Unexpected circumstances or emergencies require immediate funding. These could range from medical bills, rent and mortgage payments, utility bills, funeral expenses or home renovation, car repairs, etc.
Rohit Garg, Co-founder and CEO of SmartCoin, says, “For meeting any urgent expenses, availing emergency funds are one the best options as they supply the needed finance at the right moment.”
An emergency loan is essentially an unsecured personal loan that you can get for covering immediate and unforeseen expenses. These loans can range from small to medium with quick deposit service that allows approval within a day or two.
One can even get secured personal loans by placing assets as collateral for credit. Other options include low amount and high-interest payday loans, asset-based title loans, and credit card advances.
Garg says, “It is important to weigh in the various options as emergency loan requisites rates differ from lender to lender. These loans differ from the amount one can borrow, additional charges, and basic eligibility criteria like minimum credit score and income declaration.”

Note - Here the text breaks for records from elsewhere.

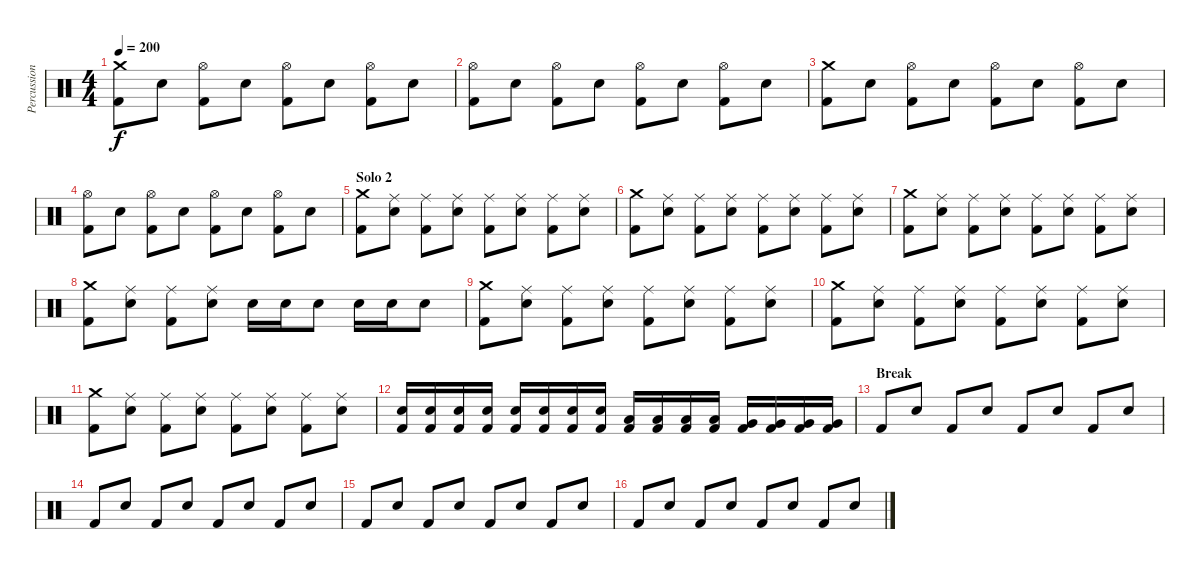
\track ("Percussion" "Percussion") {instrument percussion}
\staff {score}
\articulation defaults
\ts (4 4)
\tempo 200
\clef neutral
\ks c
("Crash medium (hit)" "Kick (hit) 2").8{dy f} "Snare (hit) 2".8 ("Hi-Hat (open)" "Kick (hit) 2").8 "Snare (hit) 2".8 ("Hi-Hat (open)" "Kick (hit) 2").8 "Snare (hit) 2".8 ("Hi-Hat (open)" "Kick (hit) 2").8 "Snare (hit) 2".8 |
("Hi-Hat (open)" "Kick (hit) 2").8 "Snare (hit) 2".8 ("Hi-Hat (open)" "Kick (hit) 2").8 "Snare (hit) 2".8 ("Hi-Hat (open)" "Kick (hit) 2").8 "Snare (hit) 2".8 ("Hi-Hat (open)" "Kick (hit) 2").8 "Snare (hit) 2".8 |
("Crash medium (hit)" "Kick (hit) 2").8 "Snare (hit) 2".8 ("Hi-Hat (open)" "Kick (hit) 2").8 "Snare (hit) 2".8 ("Hi-Hat (open)" "Kick (hit) 2").8 "Snare (hit) 2".8 ("Hi-Hat (open)" "Kick (hit) 2").8 "Snare (hit) 2".8 |
("Hi-Hat (open)" "Kick (hit) 2").8 "Snare (hit) 2".8 ("Hi-Hat (open)" "Kick (hit) 2").8 "Snare (hit) 2".8 ("Hi-Hat (open)" "Kick (hit) 2").8 "Snare (hit) 2".8 ("Hi-Hat (open)" "Kick (hit) 2").8 "Snare (hit) 2".8 |
\section ("" "Solo 2")
("Crash medium (hit)" "Kick (hit) 2").8 ("Ride (middle)" "Snare (hit) 2").8 ("Ride (middle)" "Kick (hit) 2").8 ("Ride (middle)" "Snare (hit) 2").8 ("Ride (middle)" "Kick (hit) 2").8 ("Ride (middle)" "Snare (hit) 2").8 ("Ride (middle)" "Kick (hit) 2").8 ("Ride (middle)" "Snare (hit) 2").8 |
("Crash medium (hit)" "Kick (hit) 2").8 ("Ride (middle)" "Snare (hit) 2").8 ("Ride (middle)" "Kick (hit) 2").8 ("Ride (middle)" "Snare (hit) 2").8 ("Ride (middle)" "Kick (hit) 2").8 ("Ride (middle)" "Snare (hit) 2").8 ("Ride (middle)" "Kick (hit) 2").8 ("Ride (middle)" "Snare (hit) 2").8 |
("Crash medium (hit)" "Kick (hit) 2").8 ("Ride (middle)" "Snare (hit) 2").8 ("Ride (middle)" "Kick (hit) 2").8 ("Ride (middle)" "Snare (hit) 2").8 ("Ride (middle)" "Kick (hit) 2").8 ("Ride (middle)" "Snare (hit) 2").8 ("Ride (middle)" "Kick (hit) 2").8 ("Ride (middle)" "Snare (hit) 2").8 |
("Crash medium (hit)" "Kick (hit) 2").8 ("Ride (middle)" "Snare (hit) 2").8 ("Ride (middle)" "Kick (hit) 2").8 ("Ride (middle)" "Snare (hit) 2").8 "Snare (hit) 2".16 "Snare (hit) 2".16 "Snare (hit) 2".8 "Snare (hit) 2".16 "Snare (hit) 2".16 "Snare (hit) 2".8 |
("Crash medium (hit)" "Kick (hit) 2").8 ("Ride (middle)" "Snare (hit) 2").8 ("Ride (middle)" "Kick (hit) 2").8 ("Ride (middle)" "Snare (hit) 2").8 ("Ride (middle)" "Kick (hit) 2").8 ("Ride (middle)" "Snare (hit) 2").8 ("Ride (middle)" "Kick (hit) 2").8 ("Ride (middle)" "Snare (hit) 2").8 |
("Crash medium (hit)" "Kick (hit) 2").8 ("Ride (middle)" "Snare (hit) 2").8 ("Ride (middle)" "Kick (hit) 2").8 ("Ride (middle)" "Snare (hit) 2").8 ("Ride (middle)" "Kick (hit) 2").8 ("Ride (middle)" "Snare (hit) 2").8 ("Ride (middle)" "Kick (hit) 2").8 ("Ride (middle)" "Snare (hit) 2").8 |
("Crash medium (hit)" "Kick (hit) 2").8 ("Ride (middle)" "Snare (hit) 2").8 ("Ride (middle)" "Kick (hit) 2").8 ("Ride (middle)" "Snare (hit) 2").8 ("Ride (middle)" "Kick (hit) 2").8 ("Ride (middle)" "Snare (hit) 2").8 ("Ride (middle)" "Kick (hit) 2").8 ("Ride (middle)" "Snare (hit) 2").8 |
("Snare (hit) 2" "Kick (hit) 2").16 ("Snare (hit) 2" "Kick (hit) 2").16 ("Snare (hit) 2" "Kick (hit) 2").16 ("Snare (hit) 2" "Kick (hit) 2").16 ("Snare (hit) 2" "Kick (hit) 2").16 ("Snare (hit) 2" "Kick (hit) 2").16 ("Snare (hit) 2" "Kick (hit) 2").16 ("Snare (hit) 2" "Kick (hit) 2").16 ("Low Tom (hit)" "Kick (hit) 2").16 ("Low Tom (hit)" "Kick (hit) 2").16 ("Low Tom (hit)" "Kick (hit) 2").16 ("Low Tom (hit)" "Kick (hit) 2").16 ("Very Low Tom (hit)" "Kick (hit) 2").16 ("Very Low Tom (hit)" "Kick (hit) 2").16 ("Very Low Tom (hit)" "Kick (hit) 2").16 ("Very Low Tom (hit)" "Kick (hit) 2").16 |
\section ("" "Break")
"Kick (hit) 2".8 "Snare (hit) 2".8 "Kick (hit) 2".8 "Snare (hit) 2".8 "Kick (hit) 2".8 "Snare (hit) 2".8 "Kick (hit) 2".8 "Snare (hit) 2".8 |
"Kick (hit) 2".8 "Snare (hit) 2".8 "Kick (hit) 2".8 "Snare (hit) 2".8 "Kick (hit) 2".8 "Snare (hit) 2".8 "Kick (hit) 2".8 "Snare (hit) 2".8 |
"Kick (hit) 2".8 "Snare (hit) 2".8 "Kick (hit) 2".8 "Snare (hit) 2".8 "Kick (hit) 2".8 "Snare (hit) 2".8 "Kick (hit) 2".8 "Snare (hit) 2".8 |
"Kick (hit) 2".8 "Snare (hit) 2".8 "Kick (hit) 2".8 "Snare (hit) 2".8 "Kick (hit) 2".8 "Snare (hit) 2".8 "Kick (hit) 2".8 "Snare (hit) 2".8

Industry experts say emergency loans cover a wide ambit of contingencies, however, it is also essential to evaluate the various terms and limitations that are associated with the leader before signing any loan application. While one can apply for such loans from one’s local credit-card issuer or payday lender, it is safer and better to get traditional unsecured personal loans from a bank, credit union or an online tender.
Additionally, experts say it is important for an individual to understand his/her financial needs first, before opting for a personal loan. Do not opt for more than you actually require, as, in the end, you only have to pay it off. Also, while choosing for an emergency loan it is important to consider various aspects such as the speed of funding, the rate of interest, terms of repayment, fee charges, and meeting credit score parameters.
Garg says, “Emergency loans are the next safest bet after friends and families when you are in dire need of cash. They are better than payday loans and title loans as they are more economical and easier to pay off. “
Also, try opting for a longer tenure while choosing the tenure for a loan. Experts say opting for a longer tenure loan, not only lowers the EMI for the borrower but also enhances his/her overall interest burden. Ideally, it is suggested to choose between 1-5 years or 12-60 months, other tenures may also be allowed by lenders but vary on a case by case basis.